When this week is over, I’m going to stomp on these fucking ugly glasses. Reshape your cornea my ass. They make you wear these glasses so that even if your correction isn’t that great you’re just so damn happy to be out of the stupid glasses you’re jumping for joy. Admittedly, I hate the way I look in glasses, but I also just hate the experience of wearing them. I hate the feeling of them on my face, I hate the lack of peripheral vision, and they make my eyes water. To top it all off, the prescription isn’t 100% up to date and they are kind of scratched up. At one point I actually went out and bough a cooler pair of glasses, but I quickly broke them, as if the Universe could not allow me to have an attractive alternative means of vision correction. And what’s the point of replacing them, if next week I get to get rid of all this crap, ostensibly forever?

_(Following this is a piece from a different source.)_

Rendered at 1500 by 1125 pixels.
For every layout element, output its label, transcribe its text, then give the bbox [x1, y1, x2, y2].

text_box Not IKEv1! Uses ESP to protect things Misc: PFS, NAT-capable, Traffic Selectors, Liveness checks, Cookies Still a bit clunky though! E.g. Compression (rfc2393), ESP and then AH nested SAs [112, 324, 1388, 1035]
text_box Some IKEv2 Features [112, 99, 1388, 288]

But let’s face facts: what I really hate about these glasses is that they don’t let me do what I’ve been doing all my life with my vision issues: deny them. The truth is, without these glasses, I can’t fucking see anything. I’ve met people who are worse off than I am. I once knew a girl who, without her glasses, could no longer discern colors. I’m not that bad. I can still see you. I can still make out your features. But don’t expect me to be able to read anything beyond a few inches from my face. Don’t expect me to know if you’re smiling or frowning.
Without help, your face is just a blur of color against a backdrop of grey.
I’m hoping that, after Thursday, that will change forever. And that I won’t be left with empty “flaps” (?!) or total blackness. And I won’t need any of this shit anymore. Let’s all keep our fingers crossed.